Data can take lots of forms. It can be words, numbers images, video, even social media posts.
And data can be categorized as structured or unstructured.
Structured and unstructured data is sourced collected and scaled in different ways.
Structured data would typically be values such as names, addresses, transaction data, amounts, or credit card numbers.
Unstructured data would often contain values such as social media tweets, emails, car sensor data, even satellite images or audio and video files.
Structured data is always stored in rows and columns.
It's really easy to search.
And it's often quantitative data that it's using so that would mean things like numbers and text.
Typically, we would use Excel, SQL, or even Azure to hold structured data.
On a structured dataset we'll find tables and databases.
So for example an Excel spreadsheet holds table of information.

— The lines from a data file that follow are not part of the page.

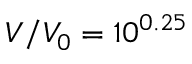<formula> <loc_0><loc_0><loc_500><loc_500>V / V _ { 0 } = 1 0 ^ { 0 . 2 5 }</formula> 
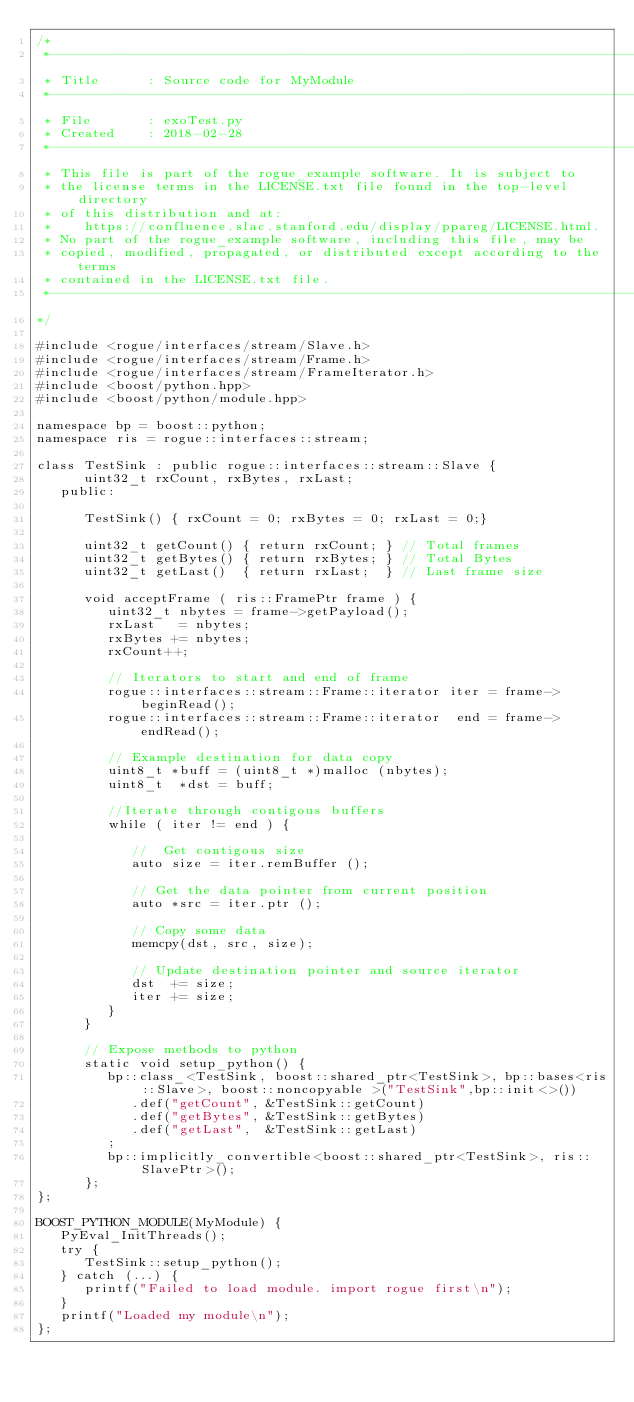<code> <loc_0><loc_0><loc_500><loc_500><_C++_>/*
 *-----------------------------------------------------------------------------
 * Title      : Source code for MyModule
 *-----------------------------------------------------------------------------
 * File       : exoTest.py
 * Created    : 2018-02-28
 *-----------------------------------------------------------------------------
 * This file is part of the rogue_example software. It is subject to
 * the license terms in the LICENSE.txt file found in the top-level directory
 * of this distribution and at:
 *    https://confluence.slac.stanford.edu/display/ppareg/LICENSE.html.
 * No part of the rogue_example software, including this file, may be
 * copied, modified, propagated, or distributed except according to the terms
 * contained in the LICENSE.txt file.
 *-----------------------------------------------------------------------------
*/

#include <rogue/interfaces/stream/Slave.h>
#include <rogue/interfaces/stream/Frame.h>
#include <rogue/interfaces/stream/FrameIterator.h>
#include <boost/python.hpp>
#include <boost/python/module.hpp>

namespace bp = boost::python;
namespace ris = rogue::interfaces::stream;

class TestSink : public rogue::interfaces::stream::Slave {
      uint32_t rxCount, rxBytes, rxLast;
   public:

      TestSink() { rxCount = 0; rxBytes = 0; rxLast = 0;}

      uint32_t getCount() { return rxCount; } // Total frames
      uint32_t getBytes() { return rxBytes; } // Total Bytes
      uint32_t getLast()  { return rxLast;  } // Last frame size

      void acceptFrame ( ris::FramePtr frame ) {
         uint32_t nbytes = frame->getPayload();
         rxLast   = nbytes;
         rxBytes += nbytes;
         rxCount++;

         // Iterators to start and end of frame
         rogue::interfaces::stream::Frame::iterator iter = frame->beginRead();
         rogue::interfaces::stream::Frame::iterator  end = frame->endRead();

         // Example destination for data copy
         uint8_t *buff = (uint8_t *)malloc (nbytes);
         uint8_t  *dst = buff;

         //Iterate through contigous buffers
         while ( iter != end ) {

            //  Get contigous size
            auto size = iter.remBuffer ();

            // Get the data pointer from current position
            auto *src = iter.ptr ();

            // Copy some data
            memcpy(dst, src, size);

            // Update destination pointer and source iterator
            dst  += size;
            iter += size;
         }
      }

      // Expose methods to python
      static void setup_python() {
         bp::class_<TestSink, boost::shared_ptr<TestSink>, bp::bases<ris::Slave>, boost::noncopyable >("TestSink",bp::init<>())
            .def("getCount", &TestSink::getCount)
            .def("getBytes", &TestSink::getBytes)
            .def("getLast",  &TestSink::getLast)
         ;
         bp::implicitly_convertible<boost::shared_ptr<TestSink>, ris::SlavePtr>();
      };
};

BOOST_PYTHON_MODULE(MyModule) {
   PyEval_InitThreads();
   try {
      TestSink::setup_python();
   } catch (...) {
      printf("Failed to load module. import rogue first\n");
   }
   printf("Loaded my module\n");
};
</code>

That table is divided into rows and columns Excel has a 1 million limit to the number of rows other systems and databases would hold much more. So we'll find that our first row in an Excel spreadsheet for example would contain the column names. These are known as fields in databases and tables.
Tables like this are really easy to search through to filter and to organize we'll often find that one column of information will hold unique values.
So each row can be easily identified using that value.
Unstructured data is much more undefined.
So it's quite difficult to search through and process on structured data as it holds typically qualitative information. So this would be quite text heavy and descriptive data.
It has to be often stored in special data lakes or non-relational databases.
And it does take up a lot of storage space.